Multi-node Deployment¶
This guide covers deploying CraneSched binaries and configurations across multiple nodes in a cluster.
Prerequisites¶
- CraneSched is built and tested on one node (typically the control node)
- All nodes have network connectivity and can resolve hostnames
- You have root or sudo access to all nodes
Deployment Methods¶
Method 1: Using SCP¶
Suitable for small clusters or when deploying to specific nodes individually.
Deploy to Control Node¶
# Copy control node binary
ssh cranectl "mkdir -p /etc/crane"
scp CraneSched-1.1.2-Linux-x86_64-cranectld.rpm cranectl:/tmp
ssh cranectl "rpm -ivh /tmp/CraneSched-1.1.2-Linux-x86_64-cranectld.rpm"
scp /etc/crane/config.yaml cranectl:/etc/crane/
scp /etc/crane/database.yaml cranectl:/etc/crane/
Deploy to Compute Nodes¶
# Copy compute node binary
ssh crane02 "mkdir -p /etc/crane"
scp CraneSched-1.1.2-Linux-x86_64-craned.rpm crane02:/tmp
ssh crane02 "rpm -ivh /tmp/CraneSched-1.1.2-Linux-x86_64-craned.rpm"
scp /etc/crane/config.yaml crane02:/etc/crane/
Repeat for each compute node (crane03, crane04, etc.).
Method 2: Using PDSH¶
Recommended for larger clusters.
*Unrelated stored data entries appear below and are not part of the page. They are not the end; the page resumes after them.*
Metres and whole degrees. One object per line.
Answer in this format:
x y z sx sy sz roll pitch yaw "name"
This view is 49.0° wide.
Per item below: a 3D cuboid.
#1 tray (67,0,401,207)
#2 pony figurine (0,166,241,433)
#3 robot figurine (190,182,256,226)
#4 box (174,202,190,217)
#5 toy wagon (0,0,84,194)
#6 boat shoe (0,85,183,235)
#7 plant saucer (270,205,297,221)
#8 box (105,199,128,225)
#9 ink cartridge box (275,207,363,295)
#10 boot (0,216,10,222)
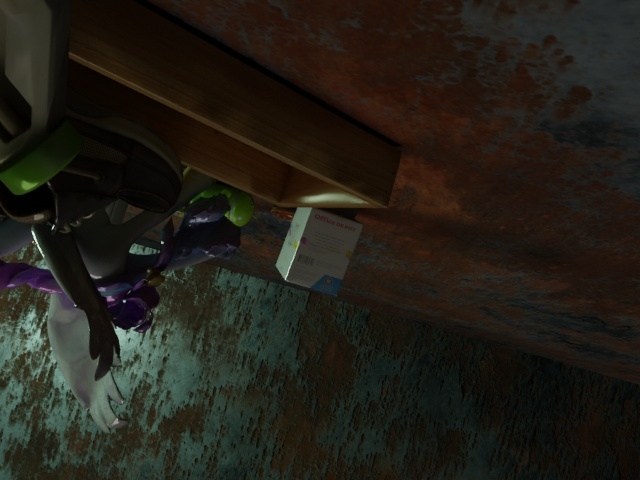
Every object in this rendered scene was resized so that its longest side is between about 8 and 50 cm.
-0.133 -0.135 0.715 0.411 0.076 0.202 24 168 -36 "tray"
-0.281 0.018 0.869 0.351 0.363 0.303 48 146 17 "pony figurine"
-0.167 -0.063 1.227 0.115 0.067 0.101 14 159 9 "robot figurine"
-0.271 -0.079 1.335 0.168 0.059 0.054 20 168 -24 "box"
-0.322 -0.103 0.417 0.344 0.068 0.267 -26 118 17 "toy wagon"
-0.257 -0.076 0.638 0.132 0.130 0.355 12 170 26 "boat shoe"
-0.050 -0.047 1.295 0.083 0.013 0.083 15 171 2 "plant saucer"
-0.580 -0.107 1.504 0.311 0.121 0.148 17 170 -6 "box"
0.000 0.000 1.133 0.092 0.143 0.090 19 -172 -18 "ink cartridge box"
-0.714 -0.148 1.246 0.338 0.118 0.222 33 178 20 "boot"
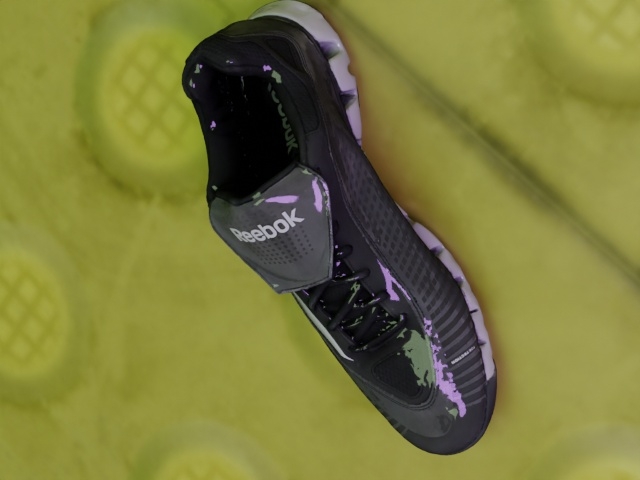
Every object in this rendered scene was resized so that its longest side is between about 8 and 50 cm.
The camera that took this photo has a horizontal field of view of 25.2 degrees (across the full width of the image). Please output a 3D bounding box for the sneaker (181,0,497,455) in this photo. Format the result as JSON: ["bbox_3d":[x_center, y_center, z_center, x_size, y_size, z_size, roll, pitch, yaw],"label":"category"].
[{"bbox_3d":[0.000,0.000,0.656,0.078,0.106,0.234,-28,86,29],"label":"sneaker"}]
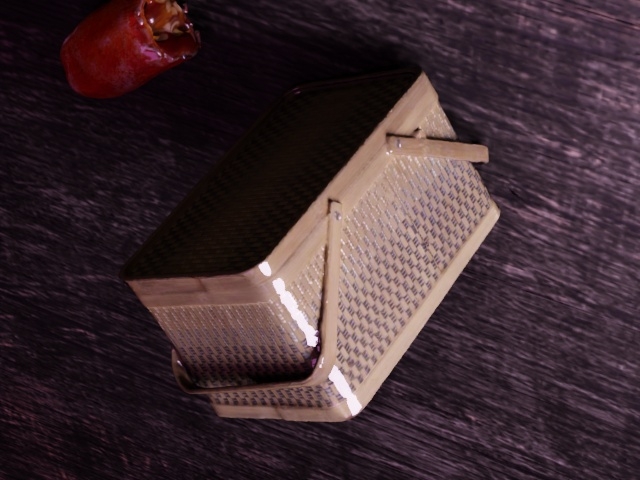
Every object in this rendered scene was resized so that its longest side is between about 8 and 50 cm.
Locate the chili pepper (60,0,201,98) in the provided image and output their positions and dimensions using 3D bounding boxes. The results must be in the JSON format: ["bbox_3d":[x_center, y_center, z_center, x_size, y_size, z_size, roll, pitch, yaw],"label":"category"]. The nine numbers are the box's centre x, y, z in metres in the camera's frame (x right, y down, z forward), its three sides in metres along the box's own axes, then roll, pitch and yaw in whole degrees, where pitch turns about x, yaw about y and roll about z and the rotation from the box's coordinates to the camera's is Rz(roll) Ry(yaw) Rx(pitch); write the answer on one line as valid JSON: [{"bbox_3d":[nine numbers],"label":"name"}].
[{"bbox_3d":[-0.156,-0.153,1.304,0.073,0.070,0.123,28,149,-29],"label":"chili pepper"}]

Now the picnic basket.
[{"bbox_3d":[0.000,0.000,1.213,0.165,0.266,0.139,-3,128,46],"label":"picnic basket"}]
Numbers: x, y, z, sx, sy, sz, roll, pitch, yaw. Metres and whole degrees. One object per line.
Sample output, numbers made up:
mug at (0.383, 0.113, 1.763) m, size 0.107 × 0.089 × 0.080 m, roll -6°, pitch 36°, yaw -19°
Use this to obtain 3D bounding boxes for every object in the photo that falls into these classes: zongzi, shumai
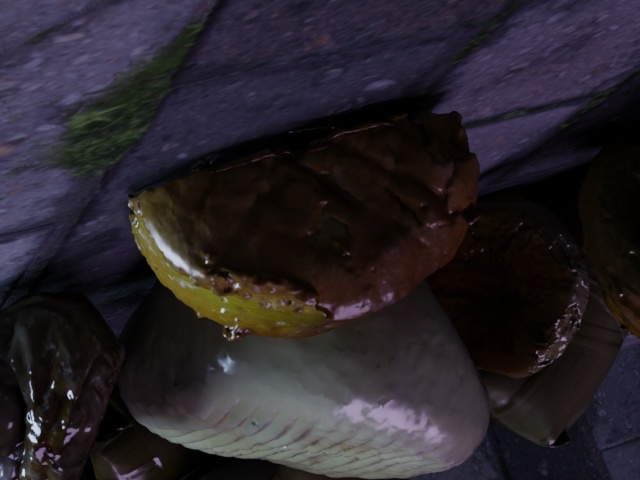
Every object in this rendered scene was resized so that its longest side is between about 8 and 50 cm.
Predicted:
zongzi at (-0.196, 0.177, 1.954) m, size 0.274 × 0.145 × 0.300 m, roll -31°, pitch -159°, yaw -21°
shumai at (-0.269, 0.115, 1.417) m, size 0.185 × 0.184 × 0.218 m, roll 19°, pitch -174°, yaw -5°
zongzi at (0.242, 0.022, 1.896) m, size 0.418 × 0.181 × 0.447 m, roll -53°, pitch -164°, yaw -3°

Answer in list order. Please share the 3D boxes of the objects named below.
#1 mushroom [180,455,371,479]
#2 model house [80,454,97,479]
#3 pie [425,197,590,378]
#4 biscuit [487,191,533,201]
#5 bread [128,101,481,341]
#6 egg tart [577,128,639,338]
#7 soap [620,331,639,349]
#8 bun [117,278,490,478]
mushroom at (-0.067, 0.290, 1.826) m, size 0.154 × 0.137 × 0.407 m, roll -19°, pitch -179°, yaw -31°
model house at (-0.316, 0.261, 1.617) m, size 0.230 × 0.280 × 0.249 m, roll -17°, pitch 175°, yaw -20°
pie at (0.167, 0.046, 1.621) m, size 0.195 × 0.195 × 0.046 m, roll -27°, pitch 176°, yaw 34°
biscuit at (0.124, 0.002, 1.765) m, size 0.183 × 0.039 × 0.174 m, roll -16°, pitch 168°, yaw -12°
bread at (-0.004, 0.000, 1.254) m, size 0.261 × 0.147 × 0.160 m, roll -16°, pitch 166°, yaw -19°
egg tart at (0.361, 0.012, 1.613) m, size 0.288 × 0.288 × 0.118 m, roll -13°, pitch 153°, yaw -31°
soap at (0.506, 0.042, 2.321) m, size 0.302 × 0.159 × 0.258 m, roll -13°, pitch 164°, yaw -21°
bun at (-0.012, 0.095, 1.529) m, size 0.361 × 0.213 × 0.361 m, roll 8°, pitch 164°, yaw 2°
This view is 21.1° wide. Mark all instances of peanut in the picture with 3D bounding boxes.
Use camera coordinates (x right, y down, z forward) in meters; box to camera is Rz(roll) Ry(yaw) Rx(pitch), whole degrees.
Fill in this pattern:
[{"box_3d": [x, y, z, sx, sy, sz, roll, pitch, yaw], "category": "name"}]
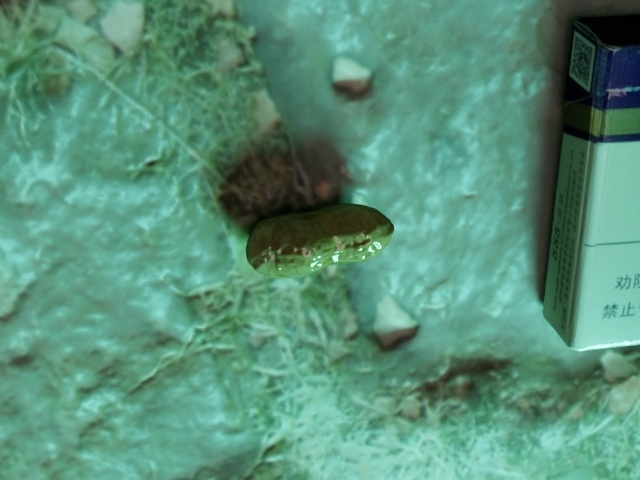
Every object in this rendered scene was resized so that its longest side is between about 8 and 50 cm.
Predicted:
[{"box_3d": [0.000, 0.000, 1.274, 0.113, 0.054, 0.053, -12, 118, -7], "category": "peanut"}]

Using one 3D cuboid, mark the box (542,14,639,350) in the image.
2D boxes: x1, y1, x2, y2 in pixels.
[{"box_3d": [0.267, -0.047, 1.323, 0.168, 0.071, 0.259, -5, 116, -15], "category": "box"}]
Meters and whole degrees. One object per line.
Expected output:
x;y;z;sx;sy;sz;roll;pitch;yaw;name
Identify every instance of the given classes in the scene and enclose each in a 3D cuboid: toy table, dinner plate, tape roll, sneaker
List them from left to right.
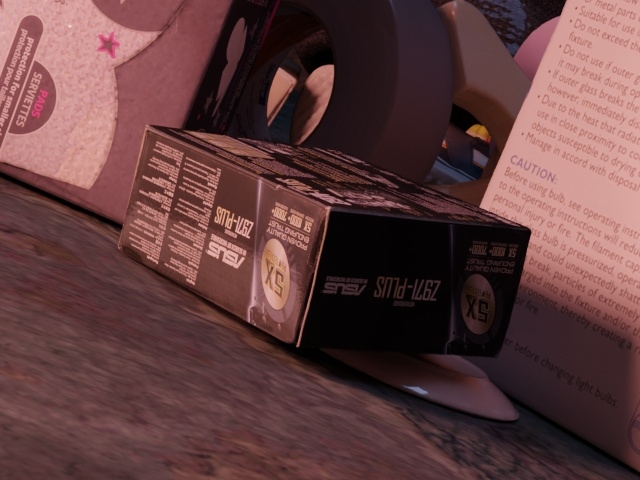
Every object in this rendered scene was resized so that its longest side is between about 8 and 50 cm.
-0.015;-0.106;1.414;0.219;0.219;0.072;27;7;37;tape roll
0.050;0.067;1.130;0.141;0.017;0.141;23;5;-2;dinner plate
0.088;-0.044;1.691;0.127;0.126;0.321;11;23;-34;sneaker
0.155;-0.044;1.435;0.161;0.252;0.274;10;53;-45;toy table

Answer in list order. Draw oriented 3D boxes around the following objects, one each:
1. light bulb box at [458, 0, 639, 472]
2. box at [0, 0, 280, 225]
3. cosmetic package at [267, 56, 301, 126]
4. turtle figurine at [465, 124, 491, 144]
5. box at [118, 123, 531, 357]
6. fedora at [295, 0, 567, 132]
0.313;-0.028;1.261;0.358;0.361;0.225;17;9;-44;light bulb box
-0.124;-0.149;1.268;0.163;0.247;0.142;23;5;7;box
-0.111;-0.155;1.866;0.160;0.113;0.309;34;7;-5;cosmetic package
0.132;-0.025;1.830;0.217;0.087;0.269;20;-20;26;turtle figurine
0.000;0.000;1.109;0.147;0.077;0.180;6;13;-40;box
0.149;-0.169;1.799;0.334;0.152;0.334;24;-13;6;fedora
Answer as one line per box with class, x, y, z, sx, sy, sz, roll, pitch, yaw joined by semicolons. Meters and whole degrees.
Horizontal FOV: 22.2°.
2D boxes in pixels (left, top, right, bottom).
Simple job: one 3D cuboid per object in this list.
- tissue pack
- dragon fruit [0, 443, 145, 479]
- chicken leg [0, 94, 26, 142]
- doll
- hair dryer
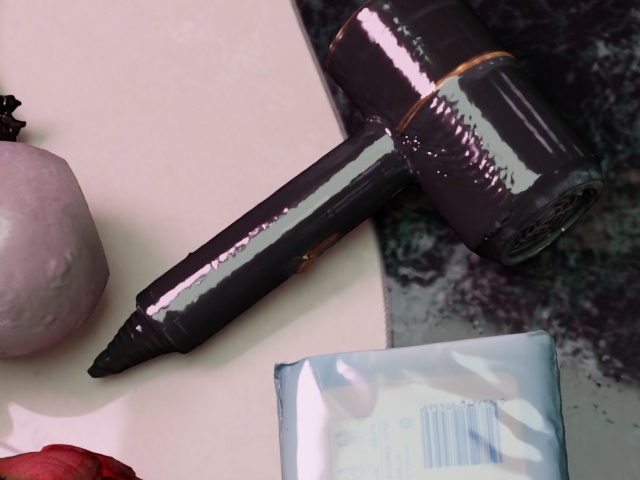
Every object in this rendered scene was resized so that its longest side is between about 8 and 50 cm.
tissue pack;0.069;0.197;0.984;0.177;0.089;0.263;-7;70;7
dragon fruit;-0.123;0.212;0.913;0.293;0.233;0.234;-20;63;36
chicken leg;-0.279;-0.124;1.171;0.105;0.063;0.234;-21;66;-5
doll;-0.283;0.036;1.044;0.287;0.151;0.151;-21;67;-15
hair dryer;0.000;0.000;1.077;0.352;0.107;0.189;-38;70;1
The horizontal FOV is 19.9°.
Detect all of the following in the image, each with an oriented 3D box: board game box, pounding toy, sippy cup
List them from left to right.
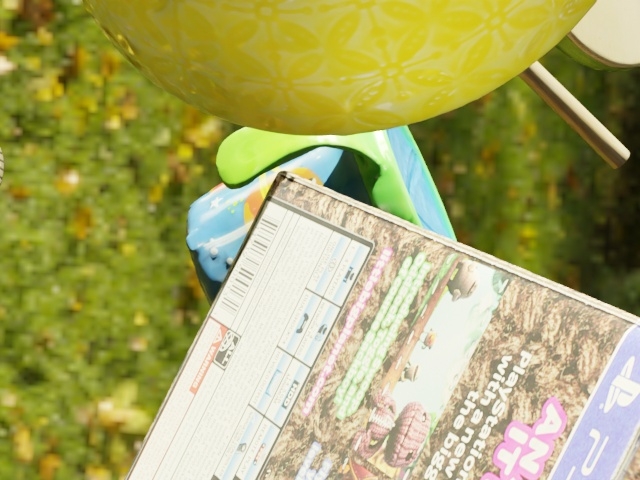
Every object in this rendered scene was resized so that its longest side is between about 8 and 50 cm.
[{"bbox_3d":[0.000,0.000,1.756,0.240,0.224,0.305,-83,149,-68],"label":"sippy cup"},{"bbox_3d":[0.043,0.128,0.630,0.141,0.291,0.232,27,90,-26],"label":"board game box"},{"bbox_3d":[0.164,-0.183,1.340,0.183,0.110,0.237,40,57,-29],"label":"pounding toy"}]

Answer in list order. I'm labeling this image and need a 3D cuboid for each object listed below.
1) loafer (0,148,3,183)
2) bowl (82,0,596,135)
[{"bbox_3d":[-0.252,-0.022,1.187,0.056,0.050,0.148,48,38,-29],"label":"loafer"},{"bbox_3d":[-0.007,-0.204,0.772,0.156,0.290,0.289,47,49,-70],"label":"bowl"}]
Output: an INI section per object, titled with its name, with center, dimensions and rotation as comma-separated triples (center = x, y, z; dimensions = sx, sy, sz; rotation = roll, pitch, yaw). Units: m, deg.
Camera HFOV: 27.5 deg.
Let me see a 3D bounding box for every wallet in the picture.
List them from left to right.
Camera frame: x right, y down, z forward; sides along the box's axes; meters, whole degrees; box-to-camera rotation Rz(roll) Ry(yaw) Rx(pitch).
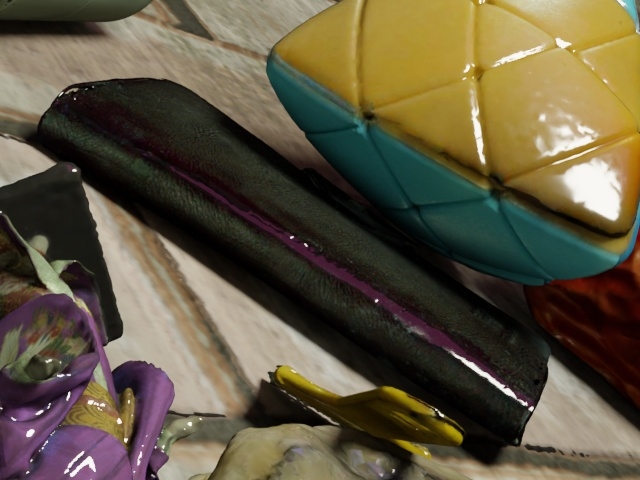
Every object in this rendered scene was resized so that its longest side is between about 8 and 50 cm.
[wallet]
center = 0.000, 0.000, 0.775
dimensions = 0.318, 0.045, 0.172
rotation = 34, 17, 8

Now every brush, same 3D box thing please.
[brush]
center = 0.021, 0.072, 0.542
dimensions = 0.082, 0.010, 0.218
rotation = 32, -11, -2

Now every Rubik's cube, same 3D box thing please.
[Rubik's cube]
center = 0.065, -0.063, 0.844
dimensions = 0.254, 0.254, 0.254
rotation = 28, 21, -12

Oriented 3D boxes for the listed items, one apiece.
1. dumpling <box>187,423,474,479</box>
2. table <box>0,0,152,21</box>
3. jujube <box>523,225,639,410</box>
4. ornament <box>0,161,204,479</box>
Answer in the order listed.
[dumpling]
center = 0.028, 0.124, 0.495
dimensions = 0.332, 0.086, 0.166
rotation = 21, 26, -37
[table]
center = -0.199, -0.202, 0.829
dimensions = 0.126, 0.126, 0.220
rotation = 39, 22, 15
[jujube]
center = 0.284, 0.050, 0.881
dimensions = 0.290, 0.197, 0.197
rotation = 23, 18, 14
[ornament]
center = -0.084, 0.052, 0.401
dimensions = 0.088, 0.081, 0.203
rotation = -21, 29, -11

PDSH allows parallel execution across multiple nodes.
Install PDSH¶
Rocky 9:
CentOS 7:
Deploy to Control Nodes¶
# Copy and install cranectld
pdcp -w cranectl CraneSched-1.1.2-Linux-x86_64-cranectld.rpm /tmp
pdsh -w cranectl "rpm -ivh /tmp/CraneSched-1.1.2-Linux-x86_64-cranectld.rpm"
# Copy configuration files
pdcp -w cranectl /etc/crane/config.yaml /etc/crane/
pdcp -w cranectl /etc/crane/database.yaml /etc/crane/
# Start service
pdsh -w cranectl "systemctl daemon-reload"
pdsh -w cranectl "systemctl enable cranectld"
pdsh -w cranectl "systemctl start cranectld"
Deploy to Compute Nodes¶
# Copy and install craned
pdcp -w crane[01-04] CraneSched-1.1.2-Linux-x86_64-craned.rpm /tmp
pdsh -w crane[01-04] "rpm -ivh /tmp/CraneSched-1.1.2-Linux-x86_64-craned.rpm"
# Copy configuration file
pdcp -w crane[01-04] /etc/crane/config.yaml /etc/crane/
# Start service
pdsh -w crane[01-04] "systemctl daemon-reload"
pdsh -w crane[01-04] "systemctl enable craned"
pdsh -w crane[01-04] "systemctl start craned"
Alternative: Manual Binary Copy¶
If you built from source instead of RPM packages:
# Control node
scp /usr/local/bin/cranectld cranectl:/usr/local/bin/
scp /etc/systemd/system/cranectld.service cranectl:/etc/systemd/system/
# Compute nodes
pdcp -w crane[01-04] /usr/local/bin/craned /usr/local/bin/
pdcp -w crane[01-04] /usr/libexec/csupervisor /usr/libexec/
pdcp -w crane[01-04] /etc/systemd/system/craned.service /etc/systemd/system/
Verify Deployment¶
After deployment, verify that all nodes are online:
You should see all compute nodes listed with state IDLE or ALLOC.
Updating Deployed Nodes¶
To update an existing deployment:
# Stop services
pdsh -w cranectl "systemctl stop cranectld"
pdsh -w crane[01-04] "systemctl stop craned"
# Deploy new version
pdcp -w cranectl CraneSched-new-version-cranectld.rpm /tmp
pdsh -w cranectl "rpm -Uvh /tmp/CraneSched-new-version-cranectld.rpm"
pdcp -w crane[01-04] CraneSched-new-version-craned.rpm /tmp
pdsh -w crane[01-04] "rpm -Uvh /tmp/CraneSched-new-version-craned.rpm"
# Start services
pdsh -w cranectl "systemctl start cranectld"
pdsh -w crane[01-04] "systemctl start craned"
Troubleshooting¶
PDSH not found: Install the pdsh package from EPEL repository.
Permission denied: Ensure SSH key authentication is set up for root or your deployment user.
Nodes not appearing in cinfo: Check firewall settings and ensure inter-node communication is allowed on required ports (10010-10013).
Service fails to start: Check logs with journalctl -u cranectld or journalctl -u craned.